Mathew Thomas V. The State (2014)

LawGlobal-Hub Lead Judgment Report – COURT OF APPEAL

MOJEED ADEKUNLE OWOADE, J.C.A. (Delivering the Leading Judgment)

This is an appeal from the judgment of his lordship. I. A. Adegbenro J. of the High Court of Ondo State sitting at Ondo, delivered on the 16th day of August, 2012. The appellant and two others were arraigned before the Ondo State High Court sitting at Ondo on a two count charge of conspiracy to commit armed robbery and armed robbery contrary to and punishable under Section 1(2)(a) of the Robbery and Fire Arms (special provisions) Act Cap. R11 Vol. 14 of the Laws of the Federal Republic of Nigeria 2004.

The appellant and the other accused persons pleaded not guilty to the two count charge and the case proceeded to hearing. The prosecution called four witnesses and tendered various Exhibits. PW1 is one of the victims of the alleged armed robbery incident that took place at his residence on 1/2/2008. He was at the material time a serving judge at the Ondo State High Court of Justice.

PW2 is the son of PW1 and also a victim of the armed robbery incident.
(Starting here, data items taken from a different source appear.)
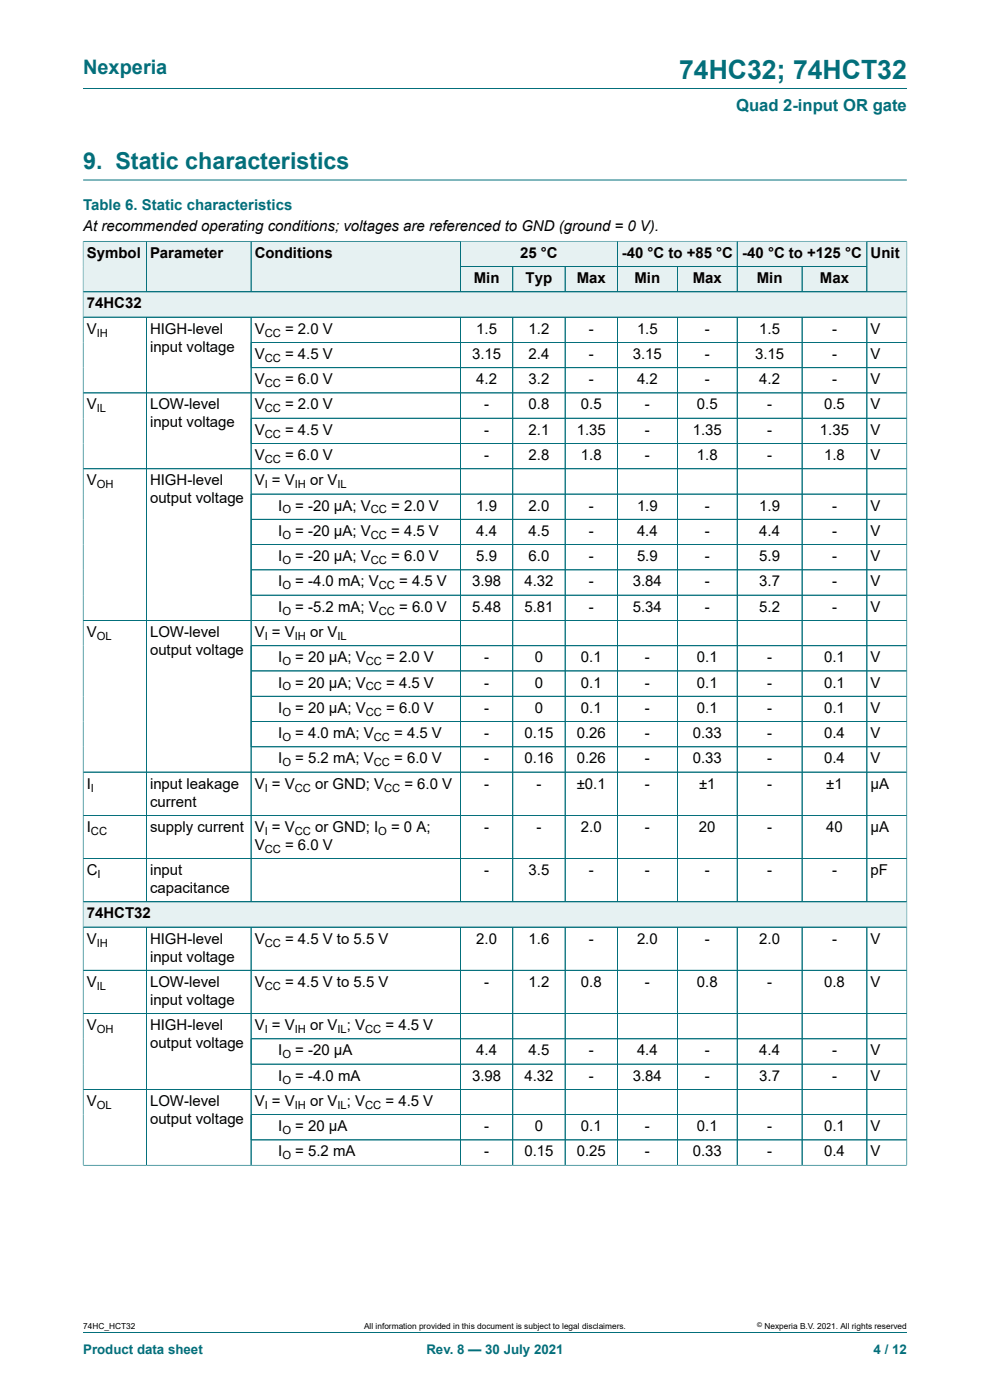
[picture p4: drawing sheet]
<svg xmlns="http://www.w3.org/2000/svg" width="210mm" height="297mm" viewBox="0 0 210 297" stroke-linecap="round" stroke-linejoin="round" font-family="sans-serif">
<defs><g id="words">
<text font-size="5.6" fill="#036f7b" x="144.1" y="16.8">74HC32; 74HCT32</text>
<text font-size="4.9" fill="#036f7b" x="17.6" y="35.9">9. Static characteristics</text>
<text font-size="4.2" fill="#036f7b" x="17.6" y="15.6">Nexperia</text>
<text font-size="3.5" fill="#036f7b" x="156.1" y="23.7">Quad 2-input OR gate</text>
<text font-size="3.2" fill="#036f7b" x="17.6" y="44.5">Table 6. Static characteristics</text>
<g font-size="3.2">
<text x="17.6" y="49.1">At recommended operating conditions; voltages are referenced to GND (ground = 0 V).</text>
<text x="18.4" y="54.7">Symbol</text>
<text x="31.8" y="54.7">Parameter</text>
<text x="54" y="54.7">Conditions</text>
<text x="110.3" y="54.7">25 °C</text>
<text x="131.9" y="54.7">-40 °C to +85 °C</text>
<text x="157.5" y="54.7">-40 °C to +125 °C</text>
<text x="184.7" y="54.7">Unit</text>
<text x="18.4" y="65.4">74HC32</text>
<text x="100.5" y="60.1">Min</text>
<text x="111.5" y="60.1">Typ</text>
<text x="122.3" y="60.1">Max</text>
<text x="134.6" y="60.1">Min</text>
<text x="146.9" y="60.1">Max</text>
<text x="160.5" y="60.1">Min</text>
<text x="173.9" y="60.1">Max</text>
<text x="18.4" y="70.8">V</text>
<text x="31.8" y="70.8">HIGH-level</text>
<text x="54" y="70.8">V</text>
<text x="60.5" y="70.8">= 2.0 V</text>
<text x="101" y="70.8">1.5</text>
<text x="112.1" y="70.8">1.2</text>
<text x="124.9" y="70.8">-</text>
<text x="135.1" y="70.8">1.5</text>
<text x="149.5" y="70.8">-</text>
<text x="161.1" y="70.8">1.5</text>
<text x="176.5" y="70.8">-</text>
<text x="184.7" y="70.8">V</text>
<text x="31.8" y="74.6">input voltage</text>
<text x="54" y="76.1">V</text>
<text x="60.5" y="76.1">= 4.5 V</text>
<text x="100.1" y="76.1">3.15</text>
<text x="112.1" y="76.1">2.4</text>
<text x="124.9" y="76.1">-</text>
<text x="134.2" y="76.1">3.15</text>
<text x="149.5" y="76.1">-</text>
<text x="160.2" y="76.1">3.15</text>
<text x="176.5" y="76.1">-</text>
<text x="184.7" y="76.1">V</text>
<text x="54" y="81.5">V</text>
<text x="60.5" y="81.5">= 6.0 V</text>
<text x="101" y="81.5">4.2</text>
<text x="112.1" y="81.5">3.2</text>
<text x="124.9" y="81.5">-</text>
<text x="135.1" y="81.5">4.2</text>
<text x="149.5" y="81.5">-</text>
<text x="161.1" y="81.5">4.2</text>
<text x="176.5" y="81.5">-</text>
<text x="184.7" y="81.5">V</text>
<text x="18.4" y="86.9">V</text>
<text x="31.8" y="86.9">LOW-level</text>
<text x="54" y="86.9">V</text>
<text x="60.5" y="86.9">= 2.0 V</text>
<text x="102.7" y="86.9">-</text>
<text x="112.1" y="86.9">0.8</text>
<text x="123.2" y="86.9">0.5</text>
<text x="136.8" y="86.9">-</text>
<text x="147.8" y="86.9">0.5</text>
<text x="162.7" y="86.9">-</text>
<text x="174.8" y="86.9">0.5</text>
<text x="184.7" y="86.9">V</text>
<text x="31.8" y="90.7">input voltage</text>
<text x="54" y="92.2">V</text>
<text x="60.5" y="92.2">= 4.5 V</text>
<text x="102.7" y="92.2">-</text>
<text x="112.1" y="92.2">2.1</text>
<text x="122.3" y="92.2">1.35</text>
<text x="136.8" y="92.2">-</text>
<text x="146.9" y="92.2">1.35</text>
<text x="162.7" y="92.2">-</text>
<text x="173.9" y="92.2">1.35</text>
<text x="184.7" y="92.2">V</text>
<text x="54" y="97.6">V</text>
<text x="60.5" y="97.6">= 6.0 V</text>
<text x="102.7" y="97.6">-</text>
<text x="112.1" y="97.6">2.8</text>
<text x="123.2" y="97.6">1.8</text>
<text x="136.8" y="97.6">-</text>
<text x="147.8" y="97.6">1.8</text>
<text x="162.7" y="97.6">-</text>
<text x="174.8" y="97.6">1.8</text>
<text x="184.7" y="97.6">V</text>
<text x="18.4" y="103">V</text>
<text x="31.8" y="103">HIGH-level</text>
<text x="31.8" y="106.8">output voltage</text>
<text x="54" y="103">V = V</text>
<text x="65.8" y="103">or V</text>
<text x="59" y="108.3">I</text>
<text x="59" y="113.7">I</text>
<text x="62.6" y="108.3">= -20 μA; V</text>
<text x="62.6" y="113.7">= -20 μA; V</text>
<text x="83" y="108.3">= 2.0 V</text>
<text x="83" y="113.7">= 4.5 V</text>
<text x="101" y="108.3">1.9</text>
<text x="101" y="113.7">4.4</text>
<text x="112.1" y="108.3">2.0</text>
<text x="112.1" y="113.7">4.5</text>
<text x="124.9" y="108.3">-</text>
<text x="124.9" y="113.7">-</text>
<text x="135.1" y="108.3">1.9</text>
<text x="135.1" y="113.7">4.4</text>
<text x="149.5" y="108.3">-</text>
<text x="149.5" y="113.7">-</text>
<text x="161.1" y="108.3">1.9</text>
<text x="161.1" y="113.7">4.4</text>
<text x="176.5" y="108.3">-</text>
<text x="176.5" y="113.7">-</text>
<text x="184.7" y="108.3">V</text>
<text x="184.7" y="113.7">V</text>
<text x="59" y="119">I</text>
<text x="62.6" y="119">= -20 μA; V</text>
<text x="83" y="119">= 6.0 V</text>
<text x="101" y="119">5.9</text>
<text x="112.1" y="119">6.0</text>
<text x="124.9" y="119">-</text>
<text x="135.1" y="119">5.9</text>
<text x="149.5" y="119">-</text>
<text x="161.1" y="119">5.9</text>
<text x="176.5" y="119">-</text>
<text x="184.7" y="119">V</text>
<text x="59" y="124.4">I</text>
<text x="62.6" y="124.4">= -4.0 mA; V</text>
<text x="84.7" y="124.4">= 4.5 V</text>
<text x="100.1" y="124.4">3.98</text>
<text x="111.2" y="124.4">4.32</text>
<text x="124.9" y="124.4">-</text>
<text x="134.2" y="124.4">3.84</text>
<text x="149.5" y="124.4">-</text>
<text x="161.1" y="124.4">3.7</text>
<text x="176.5" y="124.4">-</text>
<text x="184.7" y="124.4">V</text>
<text x="59" y="129.8">I</text>
<text x="62.6" y="129.8">= -5.2 mA; V</text>
<text x="84.7" y="129.8">= 6.0 V</text>
<text x="100.1" y="129.8">5.48</text>
<text x="111.2" y="129.8">5.81</text>
<text x="124.9" y="129.8">-</text>
<text x="134.2" y="129.8">5.34</text>
<text x="149.5" y="129.8">-</text>
<text x="161.1" y="129.8">5.2</text>
<text x="176.5" y="129.8">-</text>
<text x="184.7" y="129.8">V</text>
<text x="18.4" y="135.1">V</text>
<text x="31.8" y="135.1">LOW-level</text>
<text x="54" y="135.1">V = V</text>
<text x="65.8" y="135.1">or V</text>
<text x="31.8" y="138.9">output voltage</text>
<text x="59" y="140.5">I</text>
<text x="62.6" y="140.5">= 20 μA; V</text>
<text x="81.9" y="140.5">= 2.0 V</text>
<text x="102.7" y="140.5">-</text>
<text x="113.4" y="140.5">0</text>
<text x="123.2" y="140.5">0.1</text>
<text x="136.8" y="140.5">-</text>
<text x="147.8" y="140.5">0.1</text>
<text x="162.7" y="140.5">-</text>
<text x="174.8" y="140.5">0.1</text>
<text x="184.7" y="140.5">V</text>
<text x="59" y="145.8">I</text>
<text x="62.6" y="145.8">= 20 μA; V</text>
<text x="81.9" y="145.8">= 4.5 V</text>
<text x="102.7" y="145.8">-</text>
<text x="113.4" y="145.8">0</text>
<text x="123.2" y="145.8">0.1</text>
<text x="136.8" y="145.8">-</text>
<text x="147.8" y="145.8">0.1</text>
<text x="162.7" y="145.8">-</text>
<text x="174.8" y="145.8">0.1</text>
<text x="184.7" y="145.8">V</text>
<text x="59" y="151.2">I</text>
<text x="62.6" y="151.2">= 20 μA; V</text>
<text x="81.9" y="151.2">= 6.0 V</text>
<text x="102.7" y="151.2">-</text>
<text x="113.4" y="151.2">0</text>
<text x="123.2" y="151.2">0.1</text>
<text x="136.8" y="151.2">-</text>
<text x="147.8" y="151.2">0.1</text>
<text x="162.7" y="151.2">-</text>
<text x="174.8" y="151.2">0.1</text>
<text x="184.7" y="151.2">V</text>
<text x="59" y="156.6">I</text>
<text x="59" y="161.9">I</text>
<text x="62.6" y="156.6">= 4.0 mA; V</text>
<text x="62.6" y="161.9">= 5.2 mA; V</text>
<text x="83.6" y="156.6">= 4.5 V</text>
<text x="83.6" y="161.9">= 6.0 V</text>
<text x="102.7" y="156.6">-</text>
<text x="102.7" y="161.9">-</text>
<text x="111.2" y="156.6">0.15</text>
<text x="111.2" y="161.9">0.16</text>
<text x="122.3" y="156.6">0.26</text>
<text x="122.3" y="161.9">0.26</text>
<text x="136.8" y="156.6">-</text>
<text x="136.8" y="161.9">-</text>
<text x="146.9" y="156.6">0.33</text>
<text x="146.9" y="161.9">0.33</text>
<text x="162.7" y="156.6">-</text>
<text x="162.7" y="161.9">-</text>
<text x="174.8" y="156.6">0.4</text>
<text x="174.8" y="161.9">0.4</text>
<text x="184.7" y="156.6">V</text>
<text x="184.7" y="161.9">V</text>
<text x="18.4" y="167.3">I</text>
<text x="31.8" y="167.3">input leakage</text>
<text x="54" y="167.3">V = V</text>
<text x="66.8" y="167.3">or GND; V</text>
<text x="85.8" y="167.3">= 6.0 V</text>
<text x="102.7" y="167.3">-</text>
<text x="113.8" y="167.3">-</text>
<text x="122.4" y="167.3">±0.1</text>
<text x="136.8" y="167.3">-</text>
<text x="148.3" y="167.3">±1</text>
<text x="162.7" y="167.3">-</text>
<text x="175.3" y="167.3">±1</text>
<text x="184.7" y="167.3">μA</text>
<text x="31.8" y="171.1">current</text>
<text x="18.4" y="176.5">I</text>
<text x="31.8" y="176.5">supply current</text>
<text x="54" y="176.5">V = V</text>
<text x="66.8" y="176.5">or GND; I</text>
<text x="83" y="176.5">= 0 A;</text>
<text x="102.7" y="176.5">-</text>
<text x="113.8" y="176.5">-</text>
<text x="123.2" y="176.5">2.0</text>
<text x="136.8" y="176.5">-</text>
<text x="148.3" y="176.5">20</text>
<text x="162.7" y="176.5">-</text>
<text x="175.2" y="176.5">40</text>
<text x="184.7" y="176.5">μA</text>
<text x="18.4" y="185.6">C</text>
<text x="31.8" y="185.6">input</text>
<text x="54" y="180.3">V</text>
<text x="60.5" y="180.3">= 6.0 V</text>
<text x="102.7" y="185.6">-</text>
<text x="112.1" y="185.6">3.5</text>
<text x="124.9" y="185.6">-</text>
<text x="136.8" y="185.6">-</text>
<text x="149.5" y="185.6">-</text>
<text x="162.7" y="185.6">-</text>
<text x="176.5" y="185.6">-</text>
<text x="184.7" y="185.6">pF</text>
<text x="31.8" y="189.5">capacitance</text>
<text x="18.4" y="194.8">74HCT32</text>
<text x="18.4" y="200.2">V</text>
<text x="31.8" y="200.2">HIGH-level</text>
<text x="31.8" y="204">input voltage</text>
<text x="54" y="200.2">V</text>
<text x="60.5" y="200.2">= 4.5 V to 5.5 V</text>
<text x="101" y="200.2">2.0</text>
<text x="112.1" y="200.2">1.6</text>
<text x="124.9" y="200.2">-</text>
<text x="135.1" y="200.2">2.0</text>
<text x="149.5" y="200.2">-</text>
<text x="161.1" y="200.2">2.0</text>
<text x="176.5" y="200.2">-</text>
<text x="184.7" y="200.2">V</text>
<text x="18.4" y="209.3">V</text>
<text x="31.8" y="209.3">LOW-level</text>
<text x="54" y="209.3">V</text>
<text x="60.5" y="209.3">= 4.5 V to 5.5 V</text>
<text x="102.7" y="209.3">-</text>
<text x="112.1" y="209.3">1.2</text>
<text x="123.2" y="209.3">0.8</text>
<text x="136.8" y="209.3">-</text>
<text x="147.8" y="209.3">0.8</text>
<text x="162.7" y="209.3">-</text>
<text x="174.8" y="209.3">0.8</text>
<text x="184.7" y="209.3">V</text>
<text x="31.8" y="213.2">input voltage</text>
<text x="18.4" y="218.5">V</text>
<text x="31.8" y="218.5">HIGH-level</text>
<text x="54" y="218.5">V = V</text>
<text x="65.8" y="218.5">or V ; V</text>
<text x="81.8" y="218.5">= 4.5 V</text>
<text x="31.8" y="222.3">output voltage</text>
<text x="59" y="223.9">I</text>
<text x="62.6" y="223.9">= -20 μA</text>
<text x="101" y="223.9">4.4</text>
<text x="112.1" y="223.9">4.5</text>
<text x="124.9" y="223.9">-</text>
<text x="135.1" y="223.9">4.4</text>
<text x="149.5" y="223.9">-</text>
<text x="161.1" y="223.9">4.4</text>
<text x="176.5" y="223.9">-</text>
<text x="184.7" y="223.9">V</text>
<text x="59" y="229.2">I</text>
<text x="62.6" y="229.2">= -4.0 mA</text>
<text x="100.1" y="229.2">3.98</text>
<text x="111.2" y="229.2">4.32</text>
<text x="124.9" y="229.2">-</text>
<text x="134.2" y="229.2">3.84</text>
<text x="149.5" y="229.2">-</text>
<text x="161.1" y="229.2">3.7</text>
<text x="176.5" y="229.2">-</text>
<text x="184.7" y="229.2">V</text>
<text x="18.4" y="234.6">V</text>
<text x="31.8" y="234.6">LOW-level</text>
<text x="31.8" y="238.4">output voltage</text>
<text x="54" y="234.6">V = V</text>
<text x="59" y="240">I</text>
<text x="62.6" y="240">= 20 μA</text>
<text x="65.8" y="234.6">or V ; V</text>
<text x="81.8" y="234.6">= 4.5 V</text>
<text x="102.7" y="240">-</text>
<text x="113.4" y="240">0</text>
<text x="123.2" y="240">0.1</text>
<text x="136.8" y="240">-</text>
<text x="147.8" y="240">0.1</text>
<text x="162.7" y="240">-</text>
<text x="174.8" y="240">0.1</text>
<text x="184.7" y="240">V</text>
<text x="59" y="245.3">I</text>
<text x="62.6" y="245.3">= 5.2 mA</text>
<text x="102.7" y="245.3">-</text>
<text x="111.2" y="245.3">0.15</text>
<text x="122.3" y="245.3">0.25</text>
<text x="136.8" y="245.3">-</text>
<text x="146.9" y="245.3">0.33</text>
<text x="162.7" y="245.3">-</text>
<text x="174.8" y="245.3">0.4</text>
<text x="184.7" y="245.3">V</text>
</g>
<g font-size="2.8" fill="#036f7b">
<text x="17.6" y="287.2">Product data sheet</text>
<text x="90.4" y="287.2">Rev. 8 — 30 July 2021</text>
<text x="185.3" y="287.2">4 / 12</text>
</g>
<g font-size="2.4">
<text x="20.5" y="71.4">IH</text>
<text x="56.1" y="71.4">CC</text>
<text x="56.1" y="76.8">CC</text>
<text x="56.1" y="82.1">CC</text>
<text x="20.5" y="87.5">IL</text>
<text x="56.1" y="87.5">CC</text>
<text x="56.1" y="92.8">CC</text>
<text x="56.1" y="98.2">CC</text>
<text x="20.5" y="103.6">OH</text>
<text x="56.1" y="103.6">I</text>
<text x="62.5" y="103.6">IH</text>
<text x="71.6" y="103.6">IL</text>
<text x="59.9" y="108.9">O</text>
<text x="78.7" y="108.9">CC</text>
<text x="59.9" y="114.3">O</text>
<text x="59.9" y="119.7">O</text>
<text x="78.7" y="114.3">CC</text>
<text x="78.7" y="119.7">CC</text>
<text x="59.9" y="125">O</text>
<text x="80.3" y="125">CC</text>
<text x="59.9" y="130.4">O</text>
<text x="80.3" y="130.4">CC</text>
<text x="20.5" y="135.7">OL</text>
<text x="56.1" y="135.7">I</text>
<text x="62.5" y="135.7">IH</text>
<text x="71.6" y="135.7">IL</text>
<text x="59.9" y="141.1">O</text>
<text x="77.6" y="141.1">CC</text>
<text x="59.9" y="146.5">O</text>
<text x="77.6" y="146.5">CC</text>
<text x="59.9" y="151.8">O</text>
<text x="77.6" y="151.8">CC</text>
<text x="59.9" y="157.2">O</text>
<text x="79.3" y="157.2">CC</text>
<text x="19.3" y="167.9">I</text>
<text x="56.1" y="167.9">I</text>
<text x="59.9" y="162.6">O</text>
<text x="62.5" y="167.9">CC</text>
<text x="79.3" y="162.6">CC</text>
<text x="81.5" y="167.9">CC</text>
<text x="19.3" y="177.1">CC</text>
<text x="56.1" y="177.1">I</text>
<text x="62.5" y="177.1">CC</text>
<text x="80.2" y="177.1">O</text>
<text x="56.1" y="180.9">CC</text>
<text x="20.7" y="186.3">I</text>
<text x="20.5" y="200.8">IH</text>
<text x="56.1" y="200.8">CC</text>
<text x="20.5" y="210">IL</text>
<text x="56.1" y="210">CC</text>
<text x="20.5" y="219.1">OH</text>
<text x="56.1" y="219.1">I</text>
<text x="62.5" y="219.1">IH</text>
<text x="71.6" y="219.1">IL</text>
<text x="77.5" y="219.1">CC</text>
<text x="59.9" y="224.5">O</text>
<text x="59.9" y="229.9">O</text>
<text x="20.5" y="235.2">OL</text>
<text x="56.1" y="235.2">I</text>
<text x="62.5" y="235.2">IH</text>
<text x="71.6" y="235.2">IL</text>
<text x="77.5" y="235.2">CC</text>
<text x="59.9" y="240.6">O</text>
<text x="59.9" y="245.9">O</text>
</g>
<g font-size="1.8">
<text x="17.6" y="282">74HC_HCT32</text>
<text x="77.2" y="282">All information provided in this document is subject to legal disclaimers.</text>
<text x="162.2" y="282">Nexperia B.V. 2021. All rights reserved</text>
</g>
<text font-size="1.4" x="160.6" y="281.6">©</text>
</g></defs>
<path d="M17.6 18.8h174.8M17.6 38.2h174.8M97.7 51.2h33.3v5.4h-33.3z" fill="none" stroke="#036f7b" stroke-width=".21"/>
<path d="M97.7 51.3h33.2v5.2h-33.2z" fill="#e6f1f2"/>
<path d="M131 51.2h25.4v5.4h-25.4z" fill="none" stroke="#036f7b" stroke-width=".21"/>
<path d="M131 51.3h25.3v5.2h-25.3z" fill="#e6f1f2"/>
<path d="M156.4 51.2h27.5v5.4h-27.5z" fill="none" stroke="#036f7b" stroke-width=".21"/>
<path d="M156.4 51.3h27.4v5.2h-27.4z" fill="#e6f1f2"/>
<path d="M17.6 51.1v10.8h13.4v-10.7h-13.4" fill="none" stroke="#036f7b" stroke-width=".21"/>
<path d="M17.7 51.3h13.3v10.5h-13.3z" fill="#e6f1f2"/>
<path d="M31 51.2h22.3v10.7h-22.3z" fill="none" stroke="#036f7b" stroke-width=".21"/>
<path d="M31.1 51.3h22.1v10.5h-22.1z" fill="#e6f1f2"/>
<path d="M53.3 51.2h44.4v10.7h-44.4z" fill="none" stroke="#036f7b" stroke-width=".21"/>
<g fill="#e6f1f2">
<path d="M53.3 51.3h44.3v10.5h-44.3z"/>
<path d="M97.7 56.6h11v5.2h-11z"/>
</g>
<path d="M97.7 56.6h11.1v5.3h-11.1z" fill="none" stroke="#036f7b" stroke-width=".21"/>
<path d="M108.8 56.6h11v5.2h-11z" fill="#e6f1f2"/>
<path d="M108.8 56.6h11.1v5.3h-11.1z" fill="none" stroke="#036f7b" stroke-width=".21"/>
<path d="M119.9 56.6h11v5.2h-11z" fill="#e6f1f2"/>
<path d="M119.9 56.6h11.1v5.3h-11.1z" fill="none" stroke="#036f7b" stroke-width=".21"/>
<path d="M131 56.6h12.6v5.2h-12.6z" fill="#e6f1f2"/>
<path d="M131 56.6h12.7v5.3h-12.7z" fill="none" stroke="#036f7b" stroke-width=".21"/>
<path d="M143.7 56.6h12.6v5.2h-12.6z" fill="#e6f1f2"/>
<path d="M143.7 56.6h12.7v5.3h-12.7z" fill="none" stroke="#036f7b" stroke-width=".21"/>
<path d="M156.4 56.6h13.7v5.2h-13.7z" fill="#e6f1f2"/>
<path d="M156.4 56.6h13.7v5.3h-13.7z" fill="none" stroke="#036f7b" stroke-width=".21"/>
<path d="M170.2 56.6h13.6v5.2h-13.6z" fill="#e6f1f2"/>
<path d="M192.4 51.1v10.8h-22.3v-5.3h13.8M192.4 51.2h-8.5v10.7" fill="none" stroke="#036f7b" stroke-width=".21"/>
<path d="M184 51.3h8.3v10.5h-8.3z" fill="#e6f1f2"/>
<path d="M17.6 61.9h174.8v5.4h-174.8z" fill="none" stroke="#036f7b" stroke-width=".21"/>
<path d="M17.7 62h174.6v5.2h-174.6z" fill="#e6f1f2"/>
<g fill="none" stroke="#036f7b" stroke-width=".21">
<path d="M17.6 67.3h174.8v129.4h-174.8zM31 67.3v124M53.3 72.6h139.1M53.3 67.3v124M97.7 67.3v124M108.8 67.3v124M119.9 67.3v124M131 67.3v124M143.7 67.3v124M156.4 67.3v124M170.1 67.3v124M183.9 67.3v124"/>
<path d="M192.4 78h-139.1M17.6 99.4h174.8M53.3 94.1h139.1M192.4 83.4h-174.8M192.4 88.7h-139.1M53.3 110.2h139.1M192.4 104.8h-139.1M192.4 115.5h-139.1M17.6 131.6h174.8M53.3 120.9h139.1M53.3 126.3h139.1M53.3 137h139.1"/>
<path d="M53.3 142.3h139.1M53.3 147.7h139.1M53.3 153.1h139.1M53.3 158.4h139.1M17.6 173h174.8M192.4 163.8h-174.8M17.6 182.1h174.8M17.6 191.3h174.8"/>
</g>
<path d="M17.7 191.4h174.6v5.2h-174.6z" fill="#e6f1f2"/>
<g fill="none" stroke="#036f7b" stroke-width=".21">
<path d="M17.6 51.3v196M17.7 51.2h174.6M31 51.3v10.5M53.3 51.3v10.5M97.7 51.3v10.5M97.7 56.6h86.1M108.8 56.6v5.2M119.9 56.6v5.2M131 51.3v10.5M143.7 56.6v5.2M156.4 51.3v10.5M170.1 56.6v5.2"/>
<path d="M183.9 51.3v10.5M192.4 51.3v196M17.7 61.9h174.6M17.7 67.3h174.6M31 67.3v123.9M53.3 67.3v123.9M53.3 72.6h139M53.3 78h139M97.7 67.3v123.9M108.8 67.3v123.9M119.9 67.3v123.9M131 67.3v123.9"/>
<path d="M143.7 67.3v123.9M156.4 67.3v123.9M170.1 67.3v123.9M183.9 67.3v123.9M17.7 83.4h174.6M17.7 99.4h174.6M53.3 88.7h139M53.3 94.1h139M53.3 110.2h139M53.3 115.5h139M192.3 104.8h-139M17.7 131.6h174.6"/>
<path d="M53.3 120.9h139M53.3 126.3h139M53.3 137h139M53.3 142.3h139M53.3 147.7h139M53.3 153.1h139M53.3 158.4h139M17.7 163.8h174.6M192.3 173h-174.6M17.6 196.7h174.8M31 196.7v50.5M53.3 196.7v50.5"/>
<path d="M97.7 196.7v50.5M108.8 196.7v50.5M119.9 196.7v50.5M131 196.7v50.5M143.7 196.7v50.5M156.4 196.7v50.5M170.1 196.7v50.5M183.9 196.7v50.5M192.3 182.1h-174.6M192.3 191.3h-174.6M17.6 205.8h174.8M17.6 215h174.8"/>
<path d="M53.3 220.4h139.1M53.3 225.7h139.1M192.4 231.1h-174.8M192.4 236.5h-139.1M53.3 241.8h139.1M192.4 247.2h-174.8M17.6 282.6h174.8"/>
</g>
<use href="#words"/>
</svg>

PW3 and PW4 are police officers who were involved in the investigation of the case at various stages. Exhibits tendered by the prosecution include one stick – Exhibit A, one toy gun – Exhibit B, one army trouser – Exhibit C.

At the close of the prosecution’s case, the appellant testified in his defence and denied his involvement in the armed robbery. He maintained that he was never at the scene of the armed robbery incident, but that he was with the 1st accused person in his residence at the material time.

The defense contends further that the wife of the PW1 who saw the appellant during the robbery was not called as a witness and that PW2 who knew the appellant very well did not mention his name to the police at the earliest opportunity. It is also the case of the appellant that there are material contradictions not only in the evidence of the prosecution witnesses but also between the particulars of the charge and the evidence led.

At the close of evidence and addresses from both sides, the learned trial Judge delivered Judgment and found the appellant and the two other accused persons guilty of conspiracy and armed robbery and sentenced each of the accused persons to death accordingly.

Dissatisfied with the conviction and sentence, the appellant who was the 2nd accused at the trial in the court below filed a Notice of Appeal containing six (6) grounds of appeal before this court on 8/10/2012. Appellant’s brief of argument dated 11/1/2013 was filed on 14/1/2013. Respondent’s brief of argument filed on 30/4/2013 was deemed filed on 7/5/2013.

Learned Counsel for the Appellant nominated two (2) issues for determination which were adopted by the Respondent’s Counsel. They are:

(i) Whether the Learned trial judge was right to have relied on the evidence of identification/recognition of the appellant by PW1 and PW2 to hold that the prosecution proved the charges against the appellant beyond reasonable doubt.

(ii) Whether from the totality of the evidence on the record, the lower court was right in convicting the appellant for the offences of conspiracy to rob and armed robbery.

On issue 1, Learned Counsel for the Appellant submitted that the learned trial Judge was wrong to have relied on the evidence of identification/recognition of the appellant by PW1 and PW2 to hold that the prosecution proved the charges against the appellant beyond reasonable doubt. That, it is trite law that one of the major factors that a court must take into consideration in a criminal trial where the evidence against the accused person is based primarily on recognition by one of the victims who claimed to have known the accused person is whether he mentioned the name of the accused person to the police at the earliest opportunity. That the court is also enjoined to take into consideration the following factors:

(a) Circumstances in which the eye witness saw the suspect – Whether it was difficult condition (b) The length of time the witness saw the suspect or defendant, whether in a glance or longer observation; (c) The opportunity of close observation; (d) Previous contact between the two parties; (e) The lightning conditions.

He referred to the cases of Wakala V State (1991) 8 NWLR (Pt. 211) 552, Bozin V State (1985) 2 NWLR (Pt. 8) 465 and Ochiba V State (2012) All FWLR (Pt. 608) 849 at 871.